_EXERCISE AIM:_ Lines with the string "each" are to be identified in the listing and copied.

══ STORED DATA ══

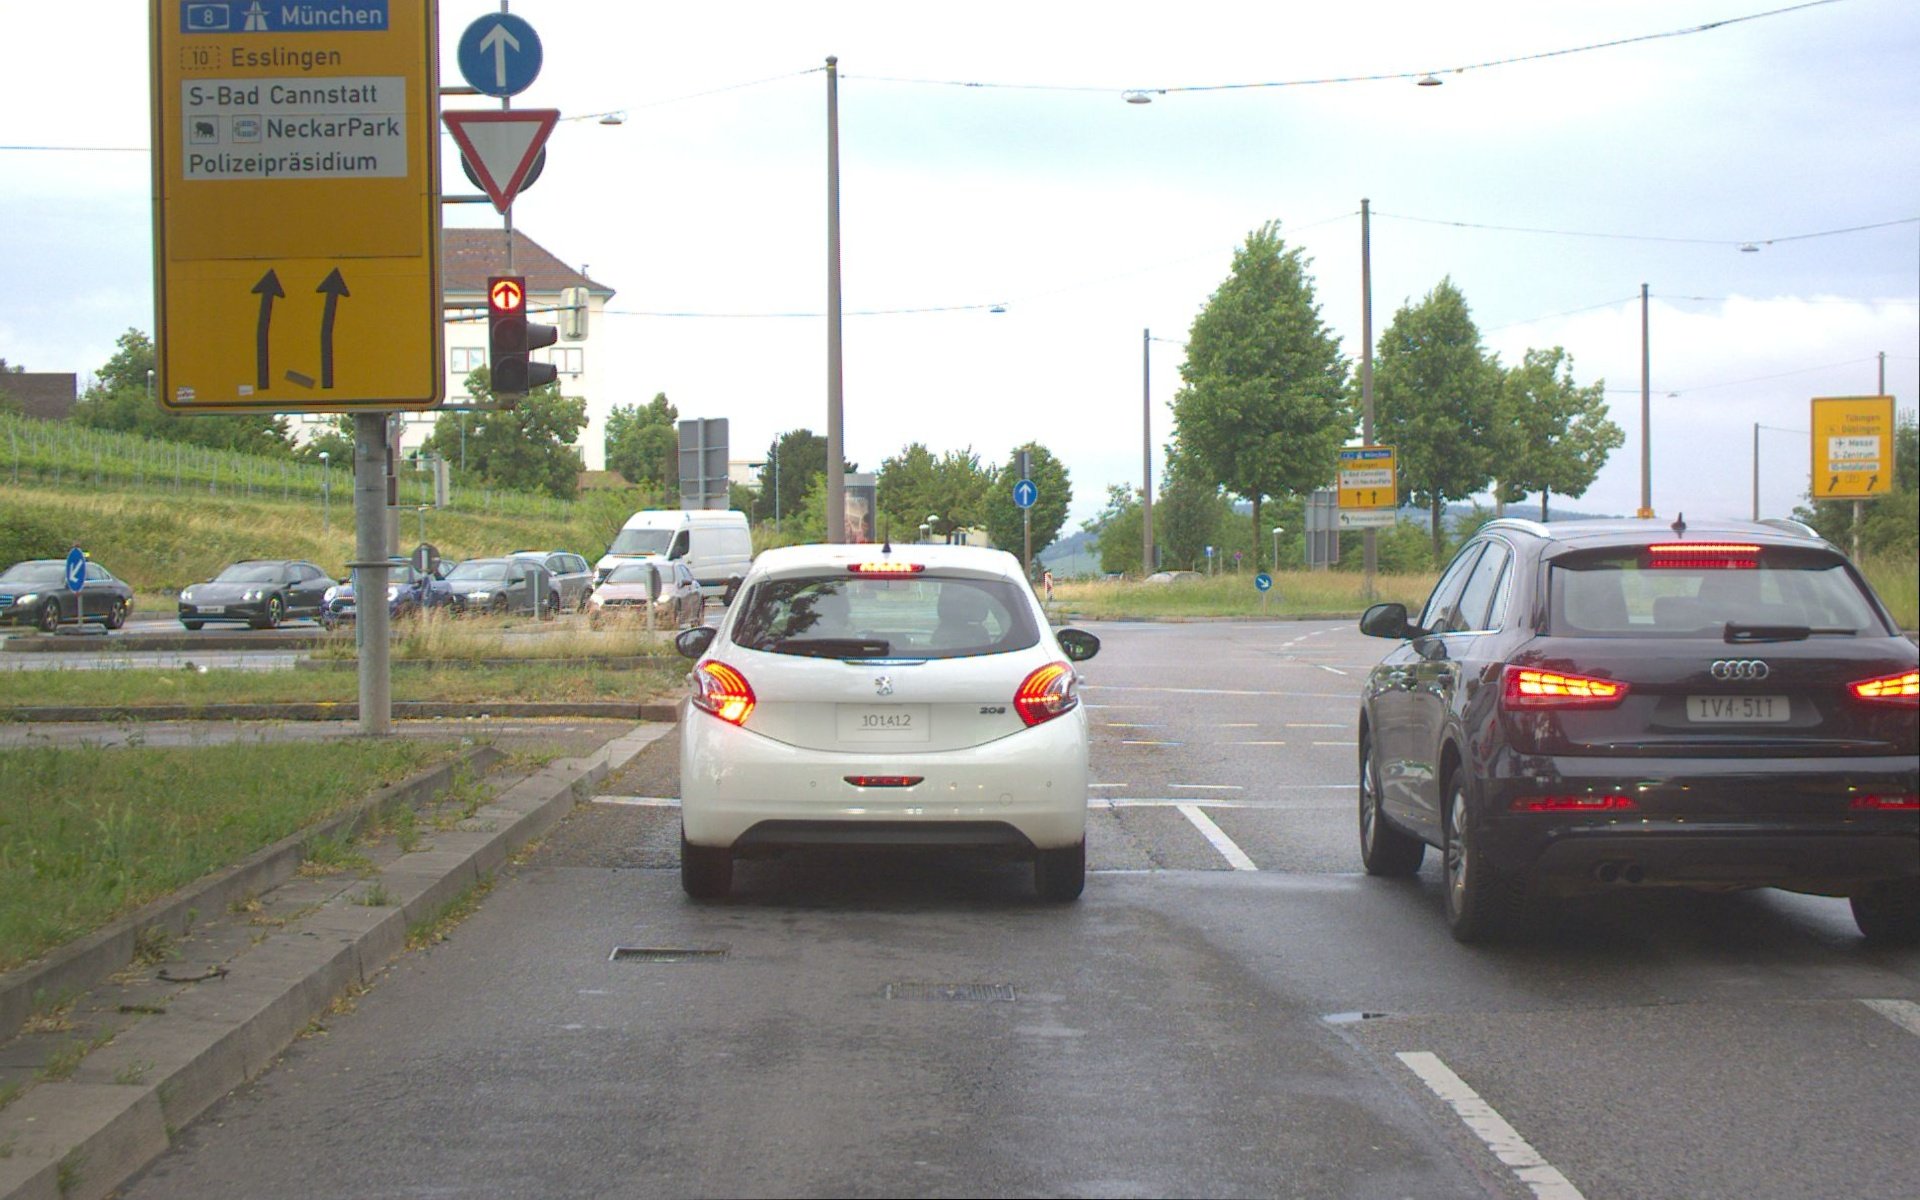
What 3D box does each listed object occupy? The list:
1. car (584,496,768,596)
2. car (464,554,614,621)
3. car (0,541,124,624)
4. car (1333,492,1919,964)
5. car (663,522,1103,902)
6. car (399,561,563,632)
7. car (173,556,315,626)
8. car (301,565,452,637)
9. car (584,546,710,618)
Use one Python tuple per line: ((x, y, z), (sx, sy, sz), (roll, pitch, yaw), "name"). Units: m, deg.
((-7.642, -1.435, 93.339), (1.996, 2.550, 6.160), (2, 0, 27), "car")
((-10.504, -0.320, 86.079), (1.995, 1.570, 4.191), (0, 2, 21), "car")
((-18.695, -0.364, 69.935), (1.830, 1.618, 4.565), (1, 0, 6), "car")
((2.707, 0.429, 13.937), (1.884, 1.590, 4.113), (1, 0, 0), "car")
((-0.320, 0.421, 15.519), (1.718, 1.484, 4.000), (0, 0, 0), "car")
((-10.478, -0.085, 75.581), (1.902, 1.484, 4.889), (1, 0, 14), "car")
((-14.872, -0.177, 71.610), (1.787, 1.391, 3.881), (1, 0, 6), "car")
((-11.804, 0.039, 69.724), (1.787, 1.391, 3.880), (1, 0, 10), "car")
((-6.366, -0.368, 70.383), (1.776, 1.420, 4.373), (-1, 0, 5), "car")
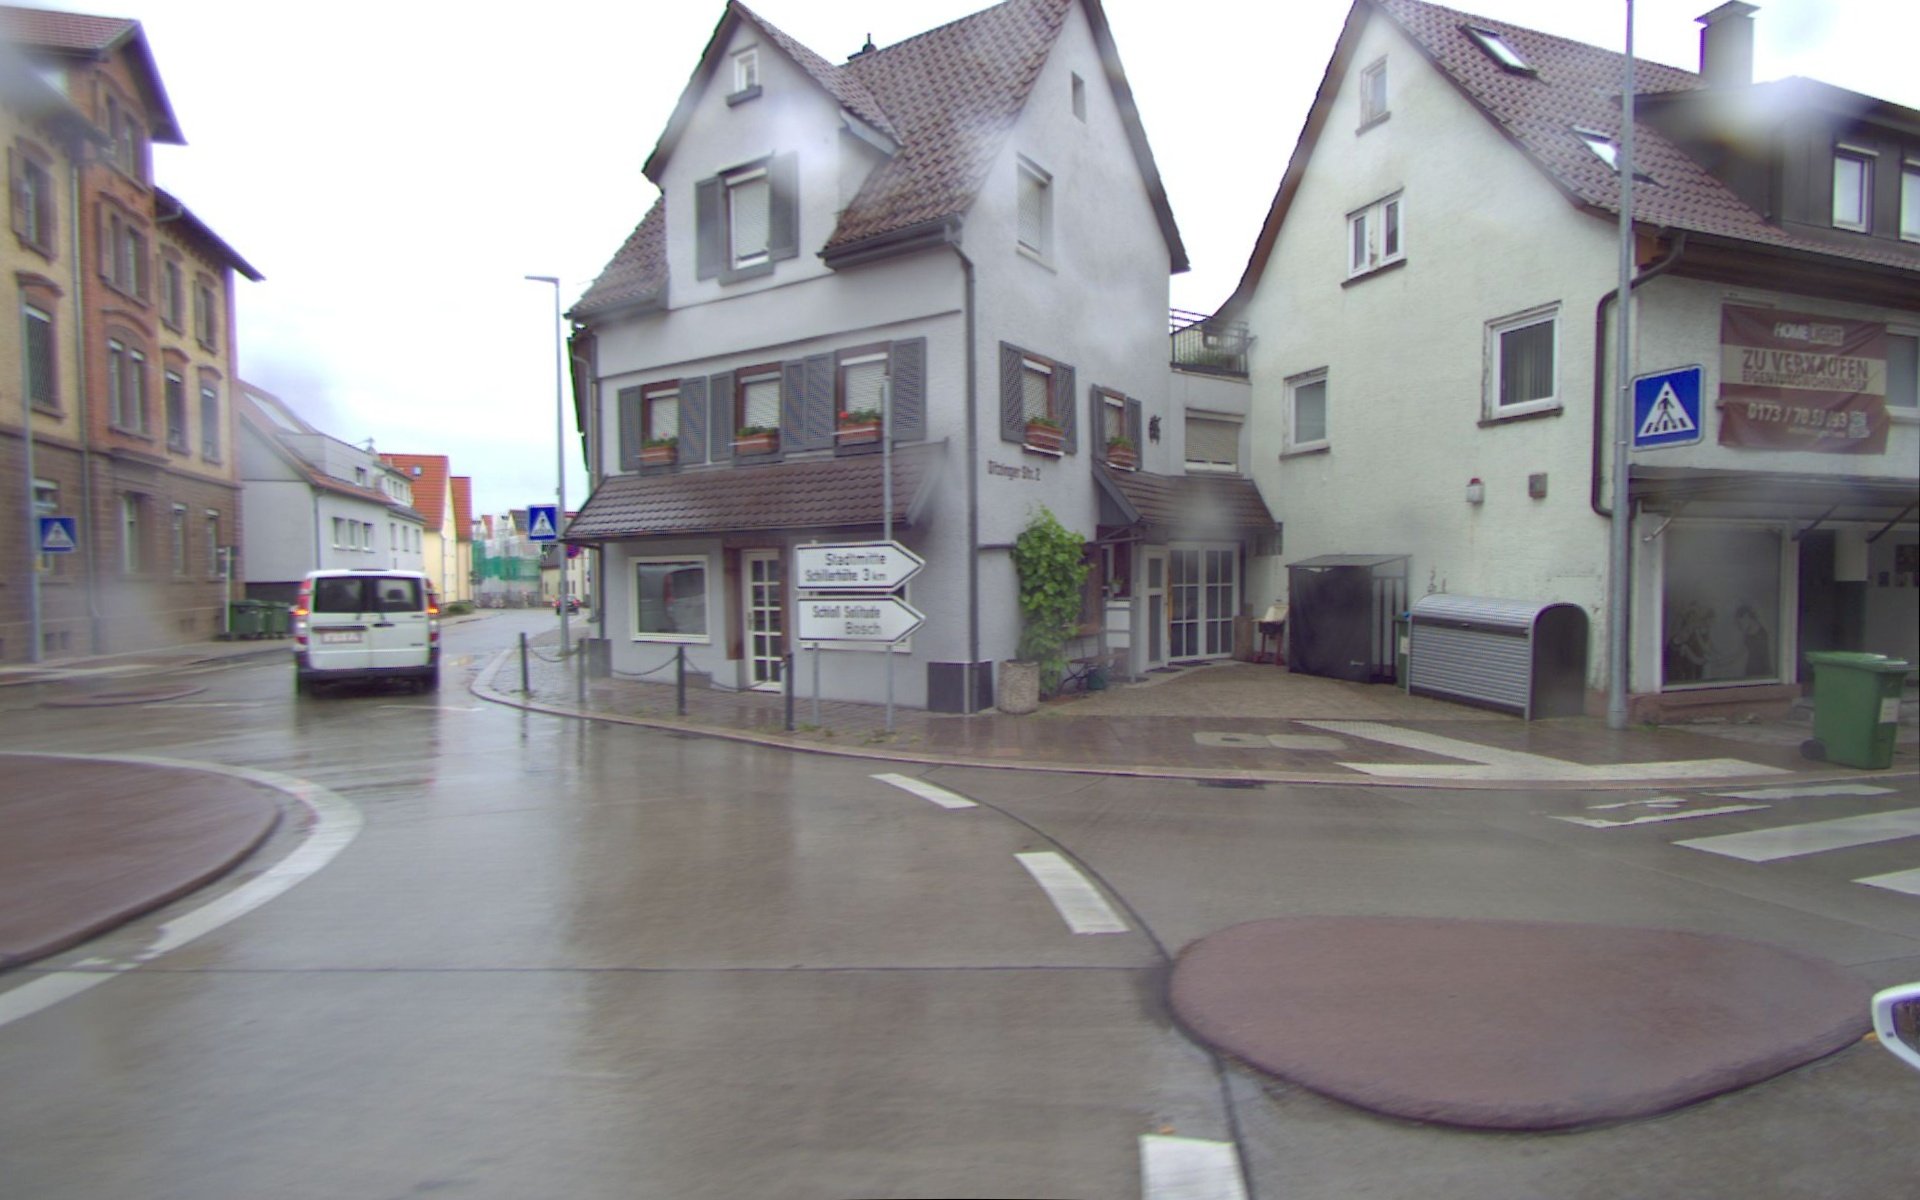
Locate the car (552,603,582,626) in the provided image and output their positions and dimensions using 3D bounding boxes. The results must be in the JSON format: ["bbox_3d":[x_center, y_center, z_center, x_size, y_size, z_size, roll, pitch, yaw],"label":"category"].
[{"bbox_3d":[-30.018,1.108,76.861,1.948,1.702,4.051,0,-1,-19],"label":"car"}]

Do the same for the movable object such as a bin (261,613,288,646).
[{"bbox_3d":[-24.432,1.049,35.795,0.661,1.184,0.597,1,0,-24],"label":"movable object such as a bin"}]

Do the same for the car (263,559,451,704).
[{"bbox_3d":[-9.706,0.459,15.967,2.139,1.924,4.875,0,-1,-36],"label":"car"}]

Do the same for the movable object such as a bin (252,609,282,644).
[{"bbox_3d":[-24.141,0.915,34.981,0.740,1.184,0.628,1,0,-24],"label":"movable object such as a bin"}]

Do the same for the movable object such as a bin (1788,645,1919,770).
[{"bbox_3d":[8.743,1.025,9.838,0.751,1.096,0.684,1,3,-27],"label":"movable object such as a bin"}]
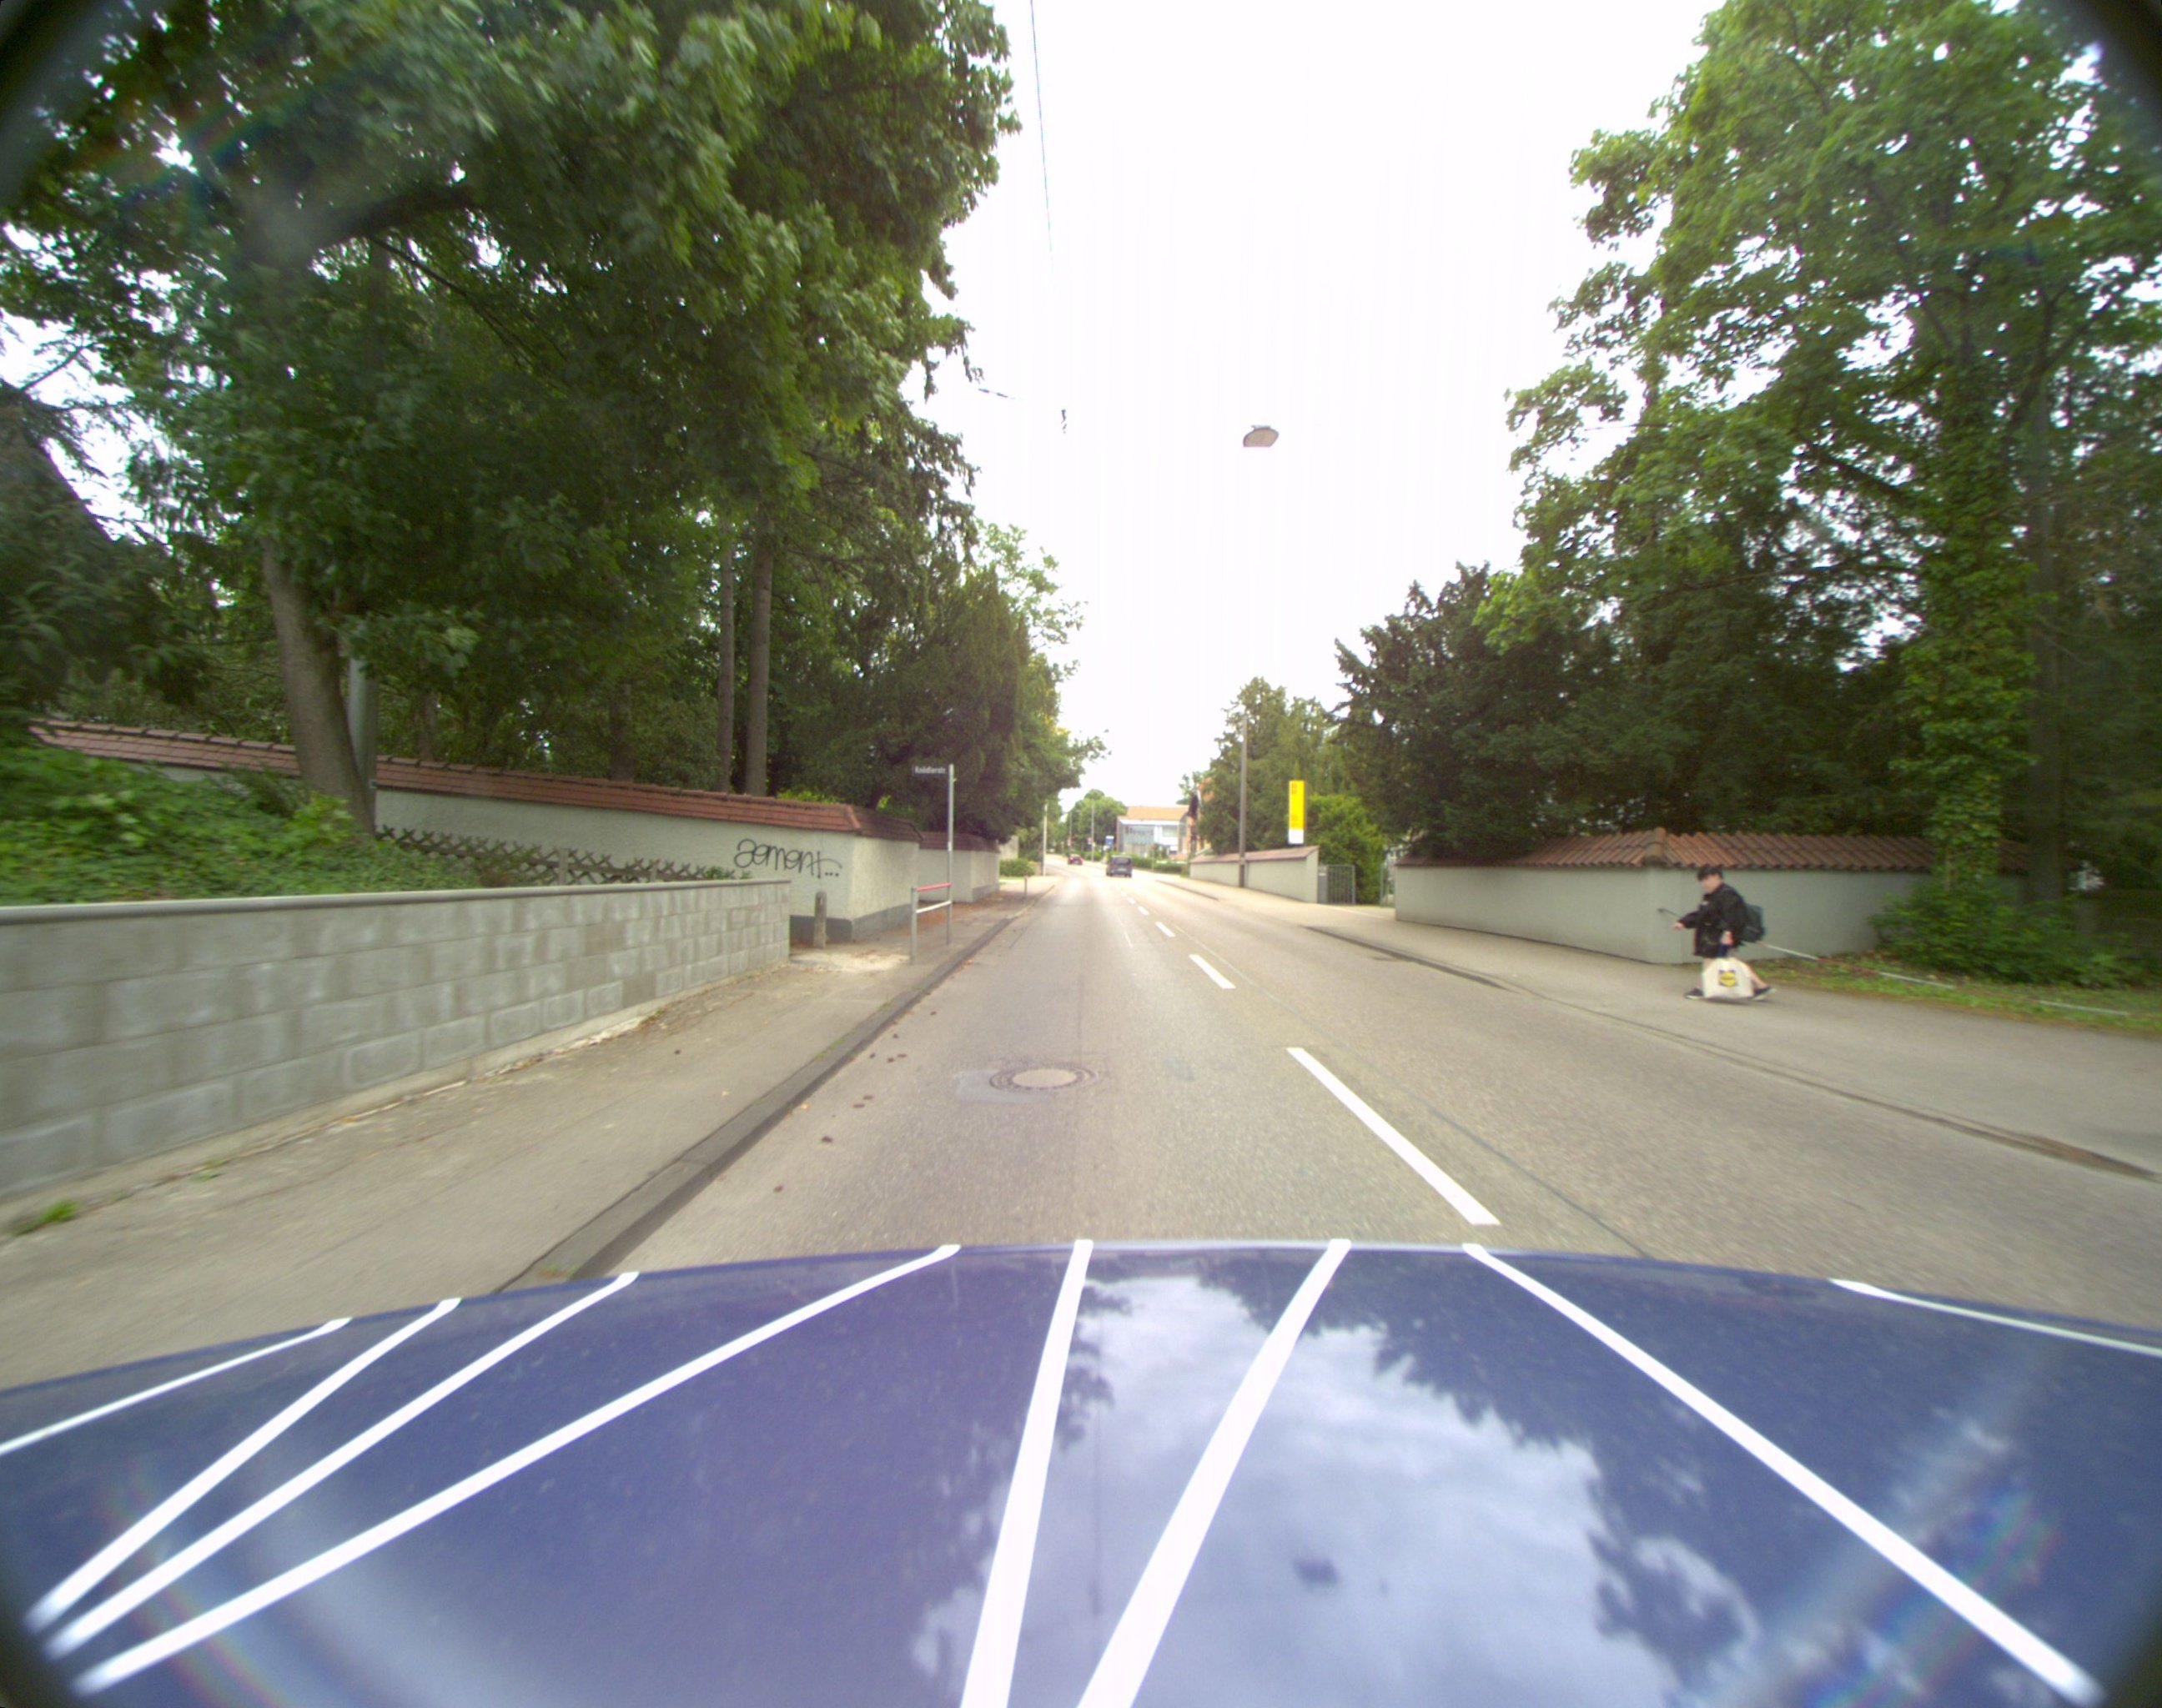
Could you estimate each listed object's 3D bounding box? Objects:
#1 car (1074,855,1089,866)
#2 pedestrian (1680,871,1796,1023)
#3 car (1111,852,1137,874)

═══

_RESPONSE BELOW:_
What 3D box does each listed object occupy? The list:
Could you estimate each listed object's 3D bounding box? Objects:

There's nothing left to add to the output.